* Prompt *
The required output is all lines below that contain the word "pallet".
── Stored data ──
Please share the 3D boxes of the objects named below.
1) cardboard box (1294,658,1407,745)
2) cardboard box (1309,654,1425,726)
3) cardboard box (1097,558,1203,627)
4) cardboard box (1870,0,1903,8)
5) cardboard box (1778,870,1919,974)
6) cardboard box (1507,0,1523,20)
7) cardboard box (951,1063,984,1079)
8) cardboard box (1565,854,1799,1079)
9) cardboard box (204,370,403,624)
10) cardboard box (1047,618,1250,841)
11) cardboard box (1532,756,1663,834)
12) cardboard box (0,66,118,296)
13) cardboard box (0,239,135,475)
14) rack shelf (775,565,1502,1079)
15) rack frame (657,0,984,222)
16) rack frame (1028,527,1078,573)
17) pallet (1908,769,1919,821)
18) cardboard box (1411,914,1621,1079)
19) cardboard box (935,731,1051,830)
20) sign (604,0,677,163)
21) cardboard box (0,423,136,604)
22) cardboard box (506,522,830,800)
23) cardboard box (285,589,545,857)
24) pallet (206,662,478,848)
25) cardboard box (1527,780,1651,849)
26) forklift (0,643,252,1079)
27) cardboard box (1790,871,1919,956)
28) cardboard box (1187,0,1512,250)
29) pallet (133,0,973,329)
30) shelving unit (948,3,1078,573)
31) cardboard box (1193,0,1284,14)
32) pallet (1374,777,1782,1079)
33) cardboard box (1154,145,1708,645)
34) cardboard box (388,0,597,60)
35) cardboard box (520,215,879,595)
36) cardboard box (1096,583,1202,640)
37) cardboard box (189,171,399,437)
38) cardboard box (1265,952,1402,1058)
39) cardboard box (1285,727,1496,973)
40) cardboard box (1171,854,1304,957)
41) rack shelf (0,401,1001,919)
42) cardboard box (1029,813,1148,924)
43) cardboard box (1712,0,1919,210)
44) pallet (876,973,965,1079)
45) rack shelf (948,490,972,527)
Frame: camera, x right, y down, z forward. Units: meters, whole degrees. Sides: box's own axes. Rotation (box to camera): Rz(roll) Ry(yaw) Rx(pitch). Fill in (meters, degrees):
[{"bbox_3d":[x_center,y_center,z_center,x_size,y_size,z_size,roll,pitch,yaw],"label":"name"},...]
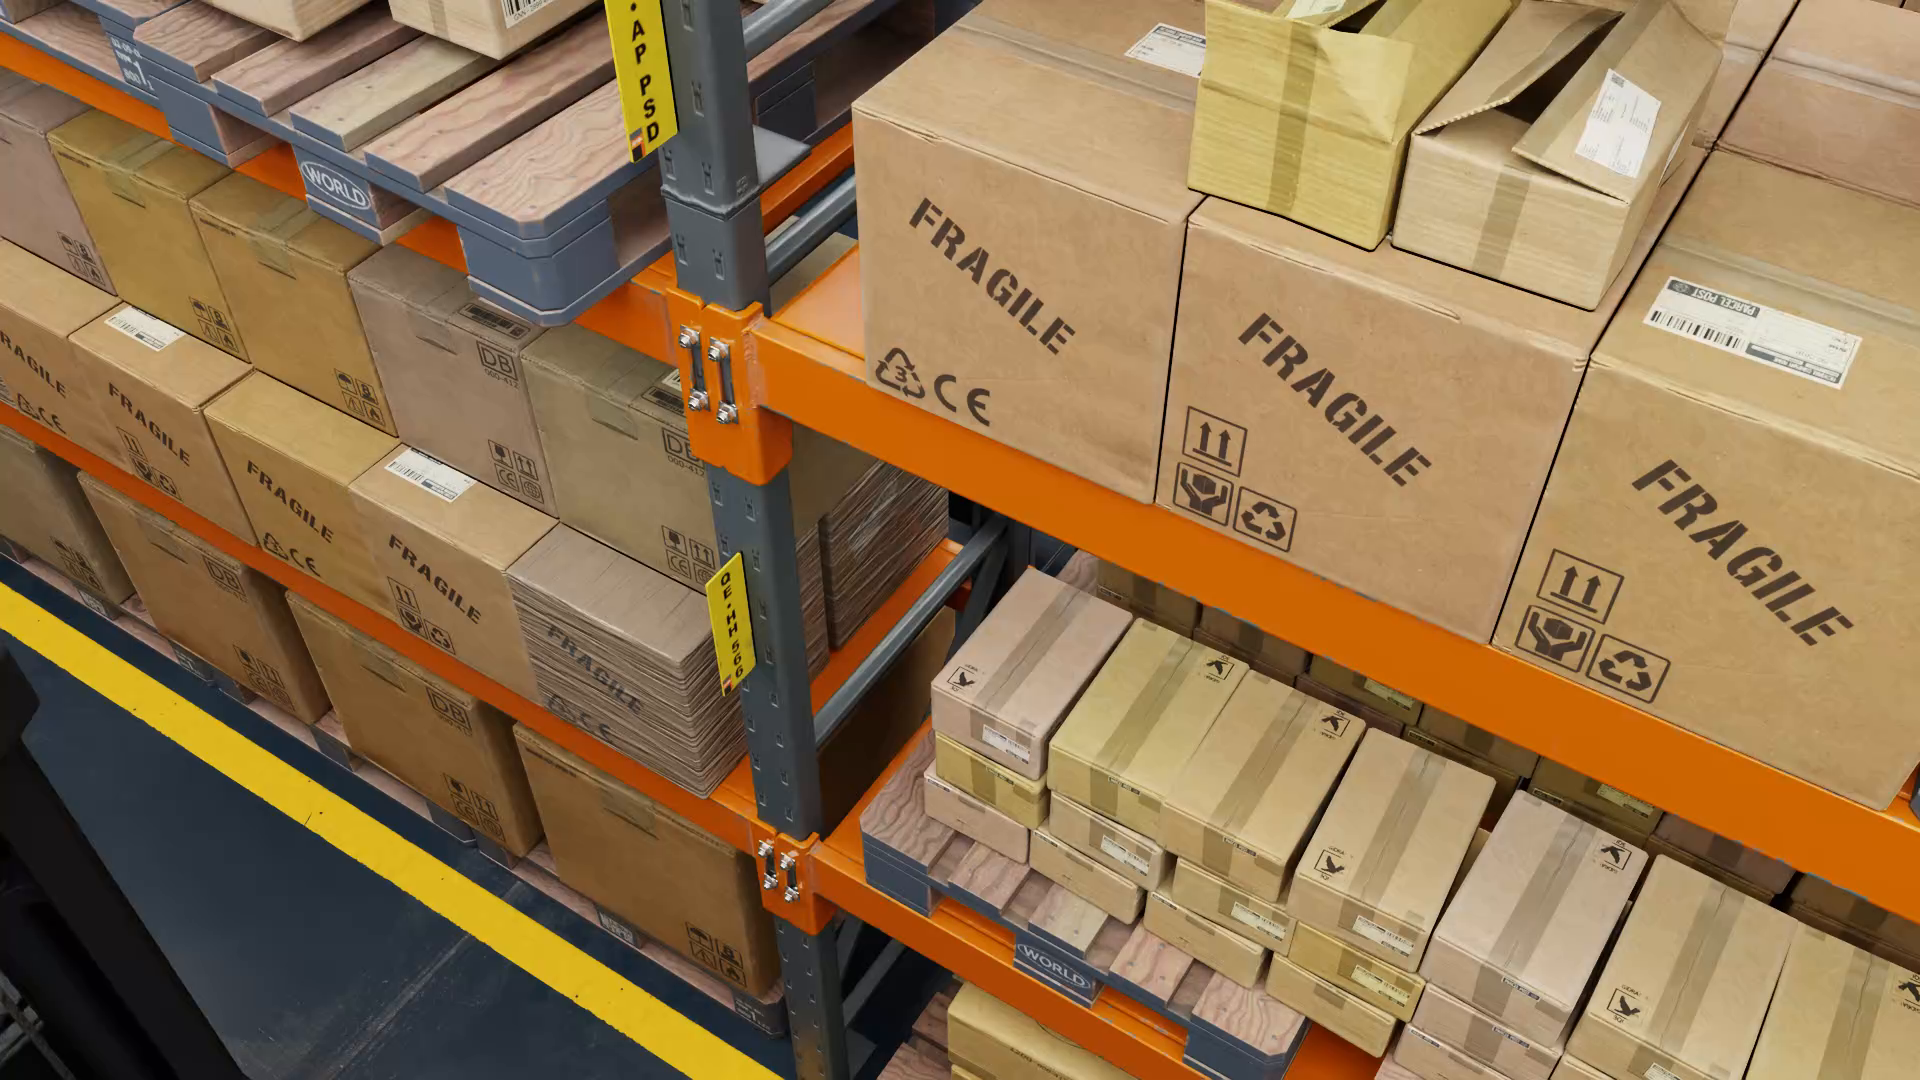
───
* Exercise response *
17) pallet (1908,769,1919,821)
24) pallet (206,662,478,848)
29) pallet (133,0,973,329)
32) pallet (1374,777,1782,1079)
44) pallet (876,973,965,1079)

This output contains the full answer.